The Visual Simultaneous Localization and Mapping (V-SLAM) system has seen significant development in recent years, demonstrating high precision in environments with limited dynamic objects. However, their performance significantly deteriorates when deployed in settings with a higher presence of movable objects, such as environments with pedestrians, cars, and buses, which are common in outdoor scenes. To address this issue, we propose a Multilayer Perceptron (MLP)-based real-time stereo SLAM system that leverages complete geometry information to avoid information loss. Moreover, there is currently no publicly available dataset for directly evaluating the effectiveness of dynamic and static feature classification methods, and to bridge this gap, we have created a publicly available dataset containing over 50,000 feature points. Experimental results demonstrate that our MLP-based dynamic and static feature point discriminator has achieved superior performance compared to other methods on this dataset.
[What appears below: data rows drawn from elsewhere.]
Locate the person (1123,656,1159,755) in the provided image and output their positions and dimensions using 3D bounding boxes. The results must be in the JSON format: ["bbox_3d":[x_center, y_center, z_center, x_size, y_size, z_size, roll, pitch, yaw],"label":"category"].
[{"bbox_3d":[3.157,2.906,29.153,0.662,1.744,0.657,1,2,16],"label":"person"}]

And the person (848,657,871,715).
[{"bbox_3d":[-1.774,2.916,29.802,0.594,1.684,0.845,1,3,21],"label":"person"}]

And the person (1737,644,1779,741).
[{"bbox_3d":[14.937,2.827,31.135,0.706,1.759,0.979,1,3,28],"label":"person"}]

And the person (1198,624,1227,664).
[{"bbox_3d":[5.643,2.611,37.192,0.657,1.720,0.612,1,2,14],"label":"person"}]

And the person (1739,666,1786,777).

Furthermore, the MLP-based real-time stereo SLAM system has shown the highest average precision and fastest speed on the outdoor KITTI tracking datasets compared to other dynamic SLAM systems.The open-source code and datasets are available at https://github.com/TaozheLi/MLP-SLAM.

Paper Structure

This paper contains 22 sections, 7 equations, 4 figures, 6 tables.

Figures (4)

  • Figure 1: Qualitative comparison between our method and method in DynaSLAM. The static feature point is represented by a blue circle, while the dynamic feature point is represented by a yellow circle. The top image displays the results of our method, while the bottom image shows the results of the method in DynaSLAM. In the left image, the method in DynaSLAM categorizes feature points on the highway guardrail as dynamic, whereas our method correctly predicts them as static. In the right image, numerous static feature points associated with parked cars on the roadside are misclassified as dynamic by the method in DynaSLAM, whereas our method correctly identifies them as static.
  • Figure 2: Diagram of our proposed MLP based real-time stereo SLAM system. It was built on ORB-SLAM2. There are four main parts in total. The blue section involves pre-processing, feature extraction, object detection, and object tracking. The pre-processing and feature extraction parts are default setting of ORB-SLAM2.The green section is for coarse estimation, generating a rough pose estimation. The pink section involves an MLP model for classifying dynamic and static feature points within potential dynamic objects. The yellow section is for fine estimation, refining the camera pose generated in the coarse estimation stage by minimizing the re-projection error of all static feature points. These points include those outside the bounding box of potential dynamic objects, filtered by the Depth Filter Module, and classified as static by the MLP model.
  • Figure 3: Feature points flow among different module of our SLAM system. The yellow circle represented dynamic feature points set, and the blue one standed for static feature points set. Moreover, all square represented an module of our SLAM system, the one outline with dashed line indicated that it has no impact to feature point sets.
  • Figure 4: Training process of optimal MLP model. It is showing a consistent decrease in both training loss and validation losses indicated successful learning.Also, the Accuracy metric, which calculates the ratio between the number of correct classification cases and the number of total cases, is shown to be increasing.